Dass das nicht so bleiben wird, vermutet nicht nur Stadtkämmerer Frank Gensler. Das sensible Thema Zinssicherung kommt wieder auf die Tagesordnung. Nach den Auseinandersetzungen um die Derivatgeschäfte der Stadt mit der West LB und der Deutschen Bank setzt er auf größte Transparenz: Deshalb die Analyse der Sparkasse. Bis zum Sommer will der Kämmerer der Politik einen Vorschlag präsentieren.

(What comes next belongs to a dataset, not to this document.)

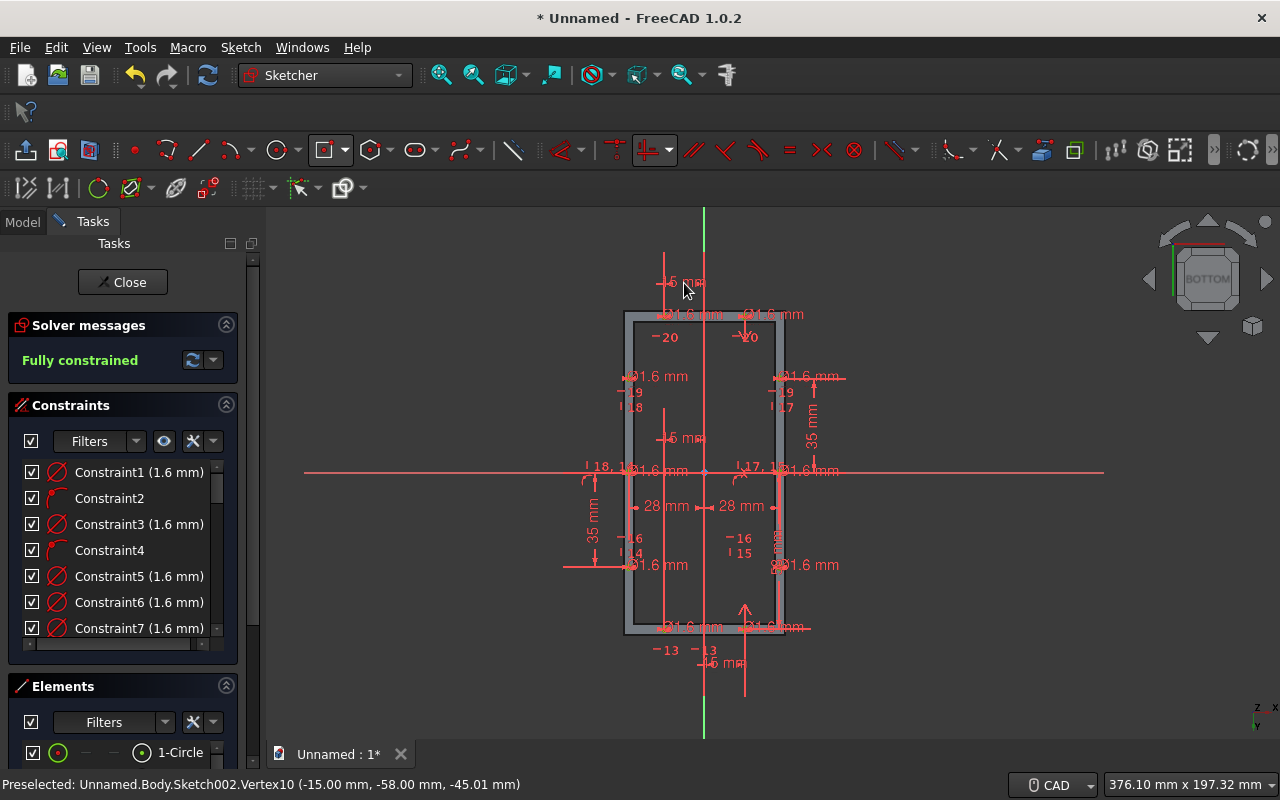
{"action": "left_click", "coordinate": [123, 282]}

Dabei schließt er aus, laufende Kredite jetzt vorzeitig abzulösen und zu den günstigen Bedingungen zu verlängern: Die Prämien, offiziell Vorfälligkeitentschädigung, seien viel zu hoch. Sinnvoll, so Gensler, sei eine Zinssicherung nur durch Swap- oder Zinsderivat-Geschäfte. Die halte mittlerweile sogar der Bund der Steuerzahler unter Umständen für sinnvoll, betont Gensler. Jedenfalls möchte er nicht "ungeschützt ins Risiko" gehen.

Die mögliche Zinsersparnis könnte in etwa die Millionensumme ausmachen, die die Stadt von der Haushaltssicherung trennt. Gensler abschließend: "Es ist für mich keine verwerfliche Spekulation, sich über die Zukunft Gedanken zu machen."